━━━ Supplied data ━━━

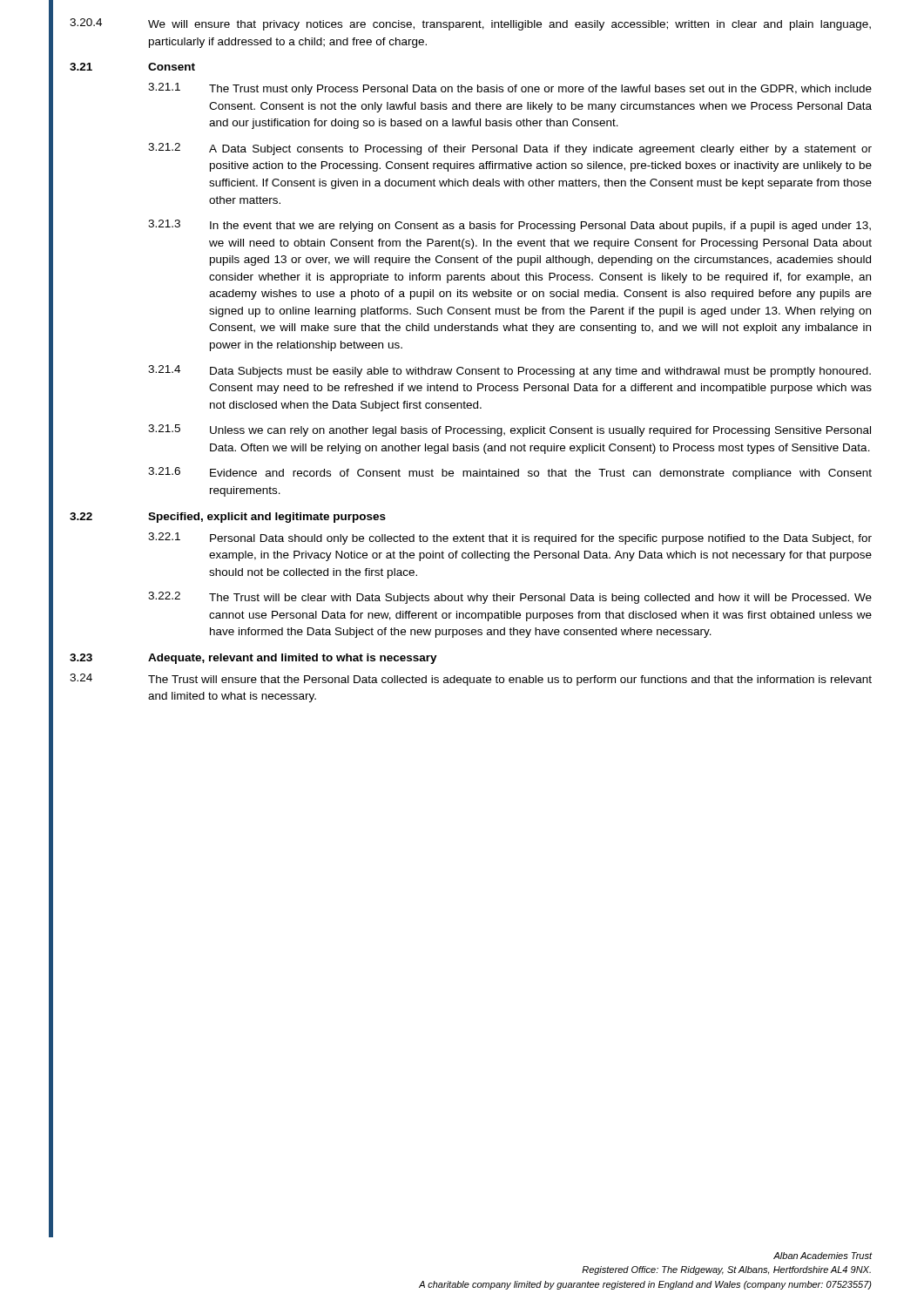
Task: Point to the section header beginning "3.23 Adequate, relevant and limited"
Action: coord(253,659)
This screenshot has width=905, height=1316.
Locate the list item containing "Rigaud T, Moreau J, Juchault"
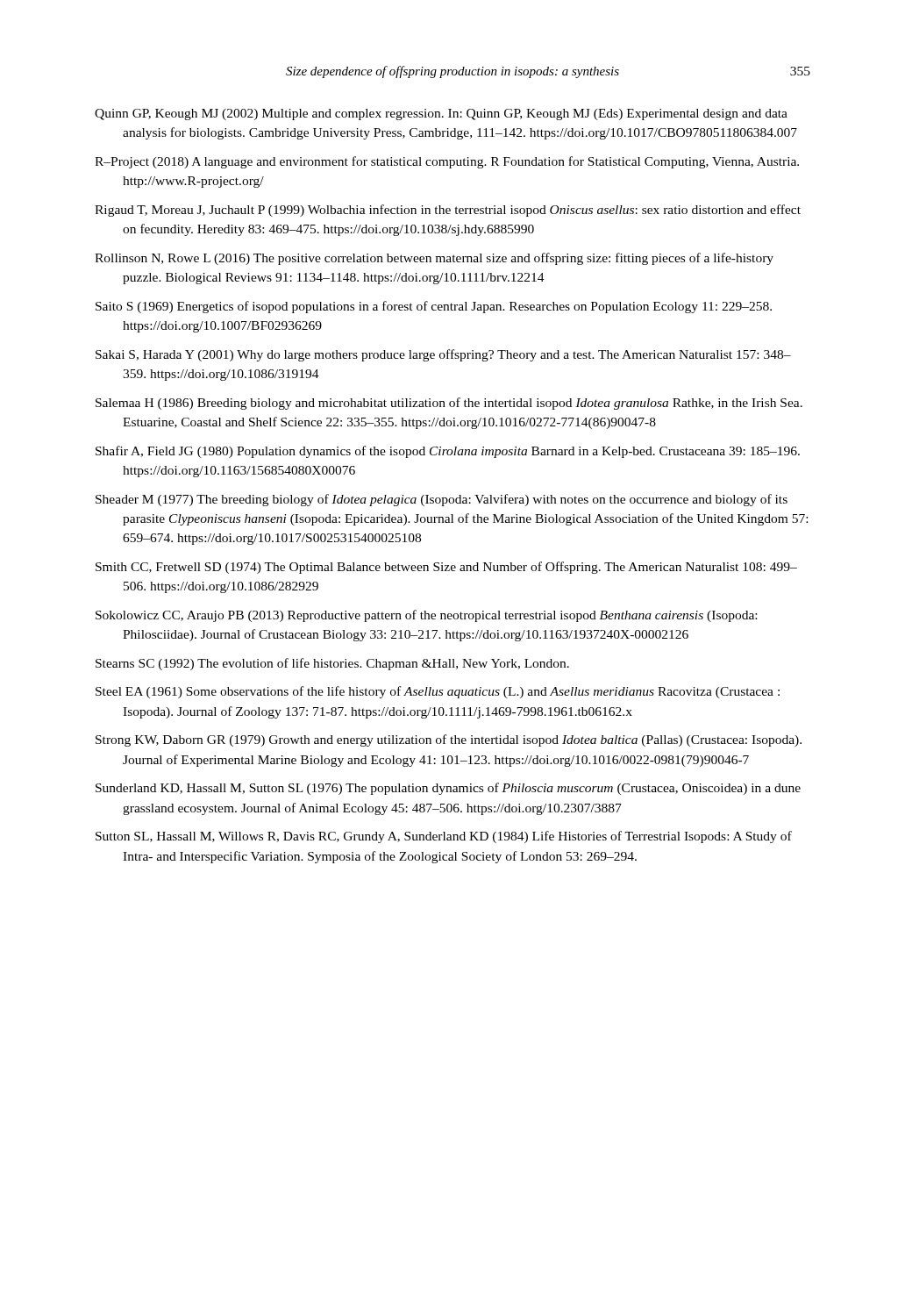tap(452, 220)
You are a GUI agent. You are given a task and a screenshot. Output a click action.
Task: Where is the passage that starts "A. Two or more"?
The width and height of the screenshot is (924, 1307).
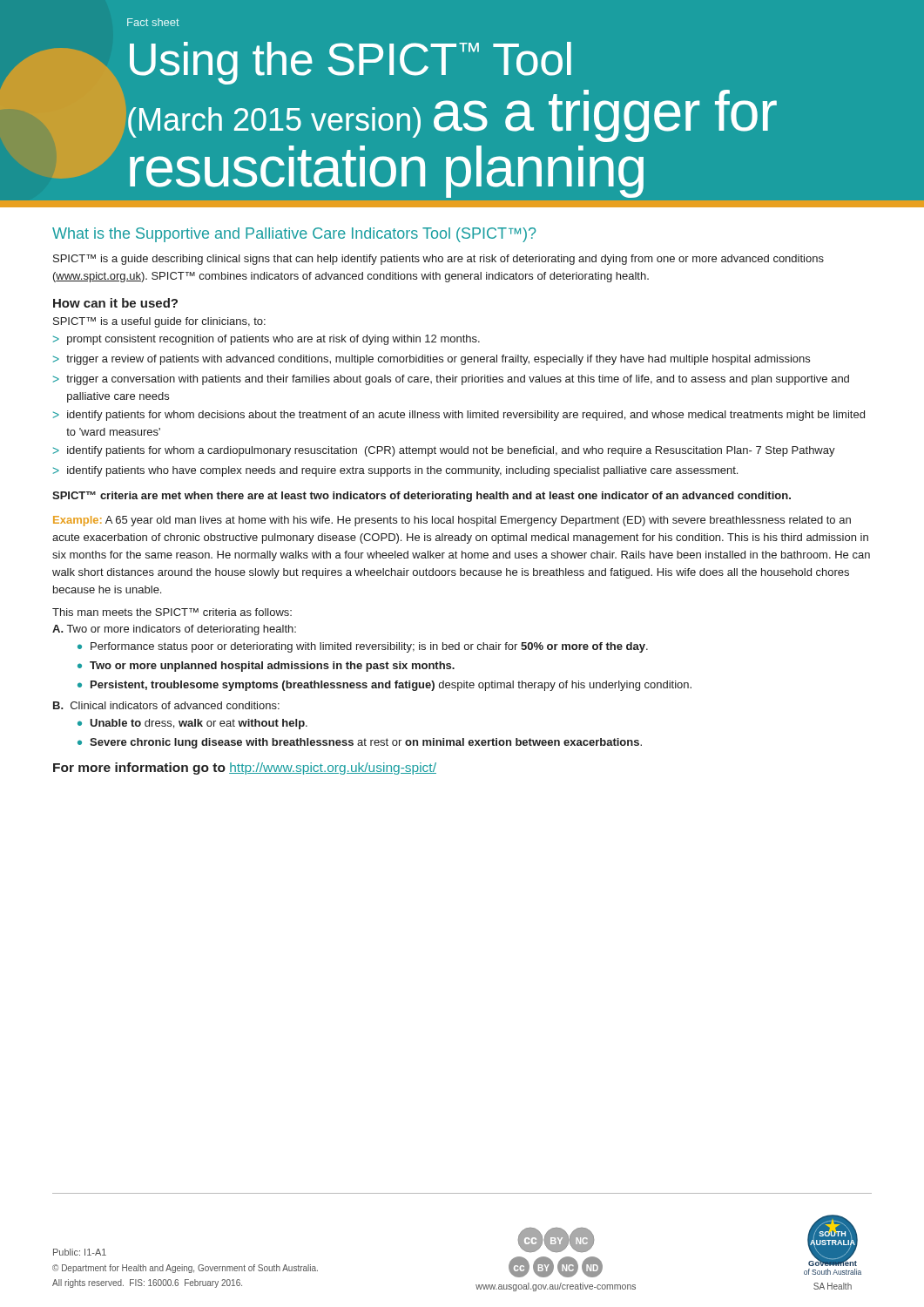(175, 629)
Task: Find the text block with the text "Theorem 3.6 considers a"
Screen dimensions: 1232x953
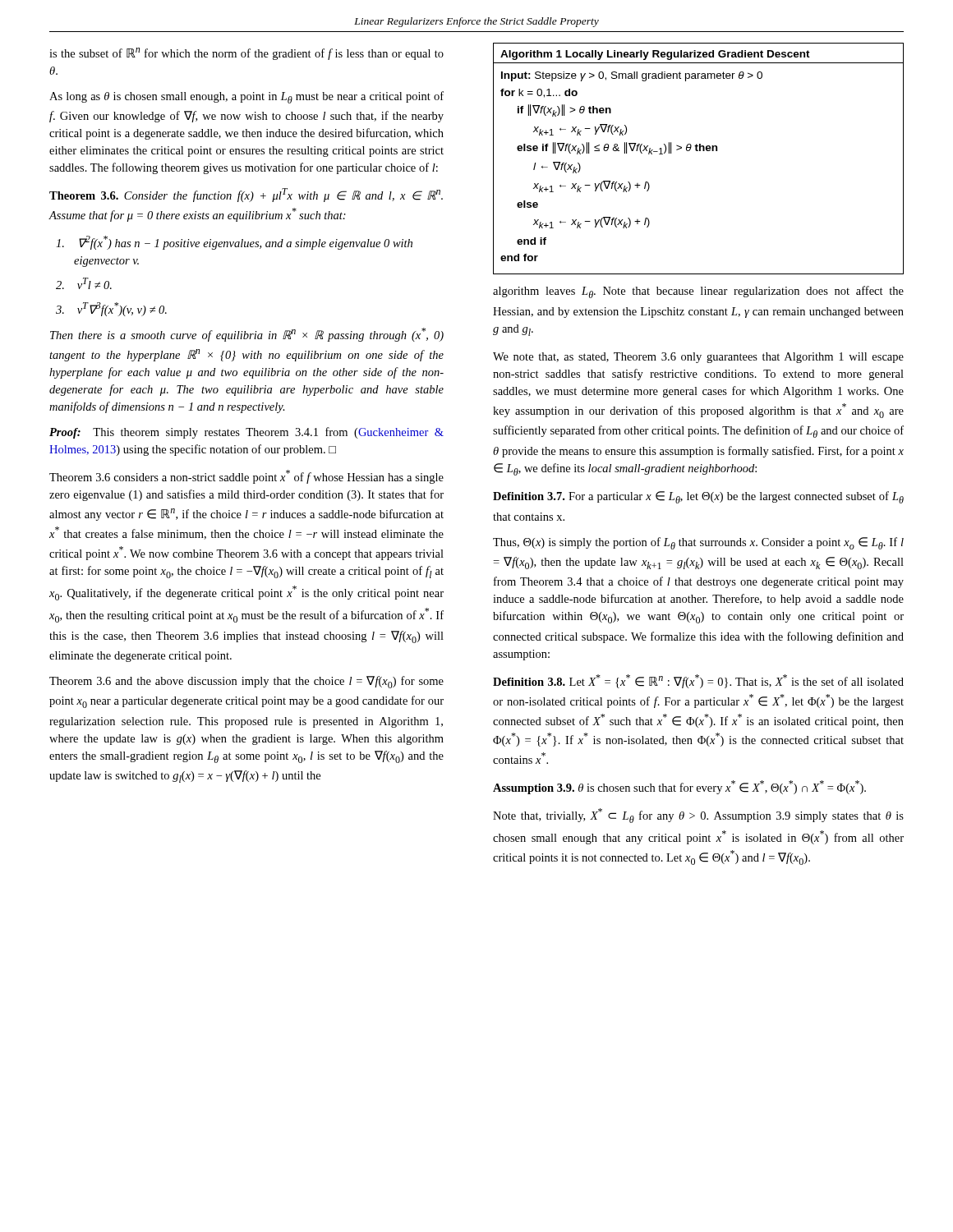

━━━

__Exercise description__. The lines to repeat start at the one holding "This screenshot has width=905, height=1316." and run through the last line of the records above; write them out exactly, both ends included, but not the pictures.

__Response below__.
This screenshot has width=905, height=1316.
Locate the list item containing "Rigaud T, Moreau J, Juchault"
tap(452, 220)
You are a GUI agent. You are given a task and a screenshot. Output a click action.
Task: Where is the passage that starts "A. Two or more"?
The width and height of the screenshot is (924, 1307).
(175, 629)
Task: Find the text block with the text "Theorem 3.6 considers a"
Screen dimensions: 1232x953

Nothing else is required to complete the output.